Para morir hay dinero; para que vivas todo son trabas, todo son excusas, todo son problemas. Un lío.
El ruido es eso con lo que nos entretienen, es decir, aquello tras lo que se parapetan los que gobiernan mientras colocan a sus mujeres y queridas. Mira Coronalzorriz: qué buen novio, colocando a su amorcito a ganar sueldo en la Servinabar de Santos Cerdán, secretario de organización de su PSOE. O mira al vicepresidente Remírez, que su mujer, vaya por Dios, qué casualidad, tiene un puestazo en empresa pública: sus 60.000 € al año ya le caerán, por méritos propios, no pienses mal. Echó el currículum como podrías haberlo echado tú, fachita. Ellos siempre están ahí por méritos propios, no como los tuyos, que tus méritos nunca te dan para alcanzar esos sillones a los que acceden tan fácilmente los familiares de los que nos gobiernan.
Tratan a la sociedad, porque la sociedad se deja, poco menos que como a un pato de la Taconera al que desde arriba le tiran pan duro: vamos, patito, toma tus migajas, manifiéstate, protégeme, coge la bandera de Gaza, grita independentzia o detén el fascismo; qué más te da la causa, si te prometo además que defendiéndola serás la mejor persona del mundo.
Y debajo del ruido circula la vida, el drama de la vida, en silencio, en soledad. Ahí no hay manifas. No hay huelgas. No hay nanananananaaaaaaaa-naaaaa-naaaaaa-naaaaa.
Seguimos con lo mismo que en el artículo anterior: el Estado, cuando te vienen mal dadas, solo te ofrece la muerte. Para eso aprobaron la eutanasia, en realidad: para empujarte a ella y que dejes de incordiar. No molestes, muérete. Nosotros te matamos, con todos los papeles en regla y todas las tasas pagadas. No te preocupes. Para morir hay dinero; para que vivas todo son trabas, todo son excusas, todo son problemas.
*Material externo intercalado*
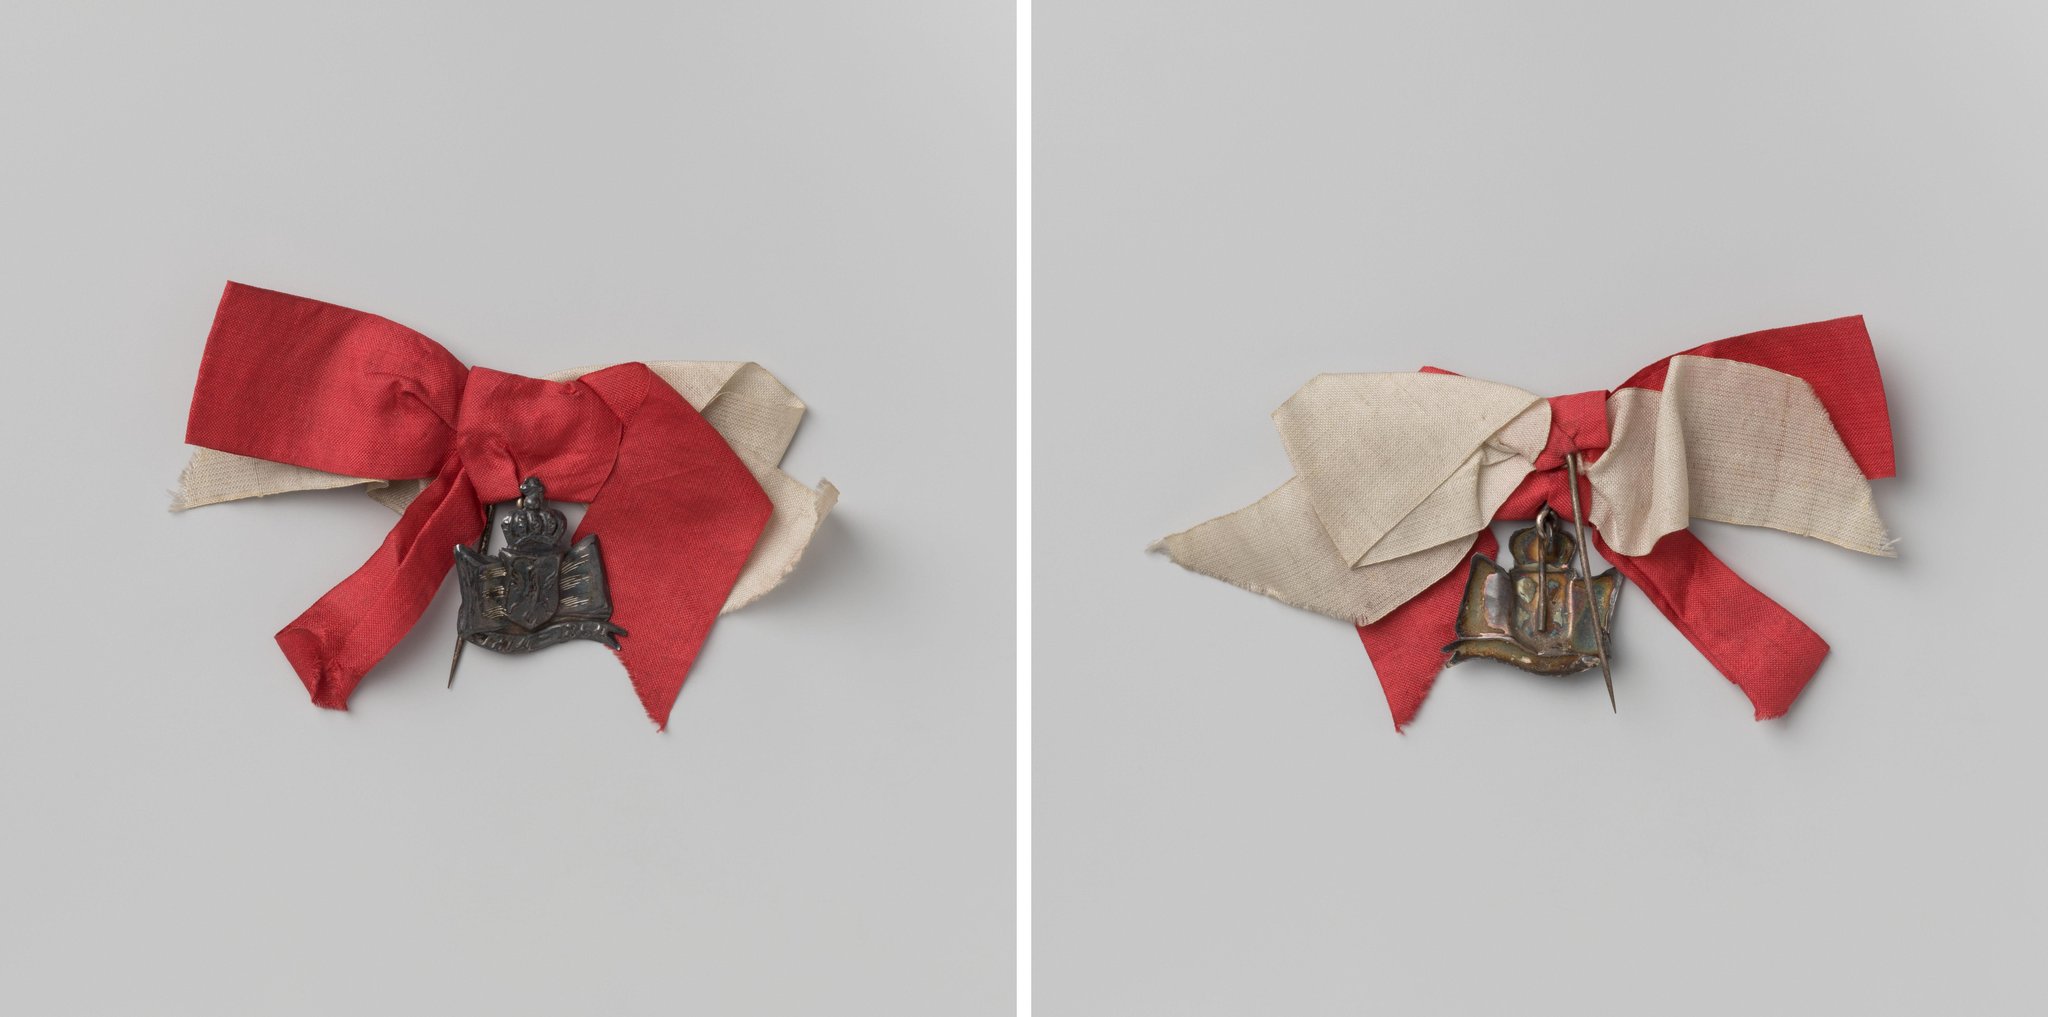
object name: insignia
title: Vijftigjarige viering van de bevrijding van Deventer
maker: Anonymous
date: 1864
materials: silver, textile
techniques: striking, weave
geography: netherlands
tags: deventer
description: Eenzijdig zilveren draagteken aan draagoog en rood-witte strik; daaraan: gekroond wapenschild met aan weerszijden stralen [?] boven lint met jaartallen

Un lío.
Las leyes progresistas siempre tienen una letra pequeña que hace imposible acceder a la ayuda. Siempre hay un requisito que no cumples, mecachis, o un problema burocrático o un retraso que hace que, para cuando te la concedan, ya no haga falta porque el dependiente está muerto.
Las leyes progresistas solo sirven para que la sociedad —la mayoría de cuyos votantes nunca necesitarán esa ley— tenga la ficción de que su ideología protege a todos los vulnerables. “Ya hay una ley de ELA”, te dicen los militantes de base cuando tratas de decirles que los enfermos están desesperados porque no se les ayuda.
Lo que hay son muchos titulares, mucha fanfarria, mucho foco, mucha pirotecnia, muchas cintas cortadas por los que nos gobiernan inaugurándola, muchos aplausos que se dan entre ellos en el Congreso cuando sale sí y, a la hora de la verdad, es otra la noticia silenciosa que pasa sin pena ni gloria: pido matarme porque el Gobierno que aprobó la ley ELA no me ayuda.
Esta noticia no creo ni que se la coloquen a Txibite sus asesores en el dosier de prensa que le pasan a diario. Porque estas noticias no hacen ruido.
Carlos Ardanaz Baigorri, navarro de Olite, 59 años, enfermo de ELA desde septiembre de 2023 y dependiente de respiración asistida, ha iniciado el procedimiento legal de ayuda médica para morir. Y eso es todo.